Stored items
---*---

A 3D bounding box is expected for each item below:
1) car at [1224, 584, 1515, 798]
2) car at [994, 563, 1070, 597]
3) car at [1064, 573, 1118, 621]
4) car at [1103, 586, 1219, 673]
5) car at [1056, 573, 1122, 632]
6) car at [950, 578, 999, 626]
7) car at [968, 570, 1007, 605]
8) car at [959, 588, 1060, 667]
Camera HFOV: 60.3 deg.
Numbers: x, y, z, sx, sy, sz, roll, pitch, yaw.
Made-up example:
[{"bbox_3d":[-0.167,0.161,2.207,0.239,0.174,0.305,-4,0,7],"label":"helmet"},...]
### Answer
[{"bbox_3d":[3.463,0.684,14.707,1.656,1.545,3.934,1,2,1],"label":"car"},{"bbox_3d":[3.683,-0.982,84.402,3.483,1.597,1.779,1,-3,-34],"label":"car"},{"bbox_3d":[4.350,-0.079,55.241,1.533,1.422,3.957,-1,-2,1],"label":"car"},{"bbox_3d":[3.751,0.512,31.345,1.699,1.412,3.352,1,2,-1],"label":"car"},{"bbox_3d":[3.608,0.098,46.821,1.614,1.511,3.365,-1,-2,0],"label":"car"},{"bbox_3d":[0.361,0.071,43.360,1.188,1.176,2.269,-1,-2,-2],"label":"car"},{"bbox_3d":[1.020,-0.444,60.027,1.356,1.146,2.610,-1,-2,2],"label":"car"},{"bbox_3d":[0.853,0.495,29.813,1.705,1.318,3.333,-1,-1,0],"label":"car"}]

---*---

The problem: Retyping the data above exactly and in full is the task.

Solution for this exercise:
A 3D bounding box is expected for each item below:
1) car at [1224, 584, 1515, 798]
2) car at [994, 563, 1070, 597]
3) car at [1064, 573, 1118, 621]
4) car at [1103, 586, 1219, 673]
5) car at [1056, 573, 1122, 632]
6) car at [950, 578, 999, 626]
7) car at [968, 570, 1007, 605]
8) car at [959, 588, 1060, 667]
Camera HFOV: 60.3 deg.
Numbers: x, y, z, sx, sy, sz, roll, pitch, yaw.
Made-up example:
[{"bbox_3d":[-0.167,0.161,2.207,0.239,0.174,0.305,-4,0,7],"label":"helmet"},...]
### Answer
[{"bbox_3d":[3.463,0.684,14.707,1.656,1.545,3.934,1,2,1],"label":"car"},{"bbox_3d":[3.683,-0.982,84.402,3.483,1.597,1.779,1,-3,-34],"label":"car"},{"bbox_3d":[4.350,-0.079,55.241,1.533,1.422,3.957,-1,-2,1],"label":"car"},{"bbox_3d":[3.751,0.512,31.345,1.699,1.412,3.352,1,2,-1],"label":"car"},{"bbox_3d":[3.608,0.098,46.821,1.614,1.511,3.365,-1,-2,0],"label":"car"},{"bbox_3d":[0.361,0.071,43.360,1.188,1.176,2.269,-1,-2,-2],"label":"car"},{"bbox_3d":[1.020,-0.444,60.027,1.356,1.146,2.610,-1,-2,2],"label":"car"},{"bbox_3d":[0.853,0.495,29.813,1.705,1.318,3.333,-1,-1,0],"label":"car"}]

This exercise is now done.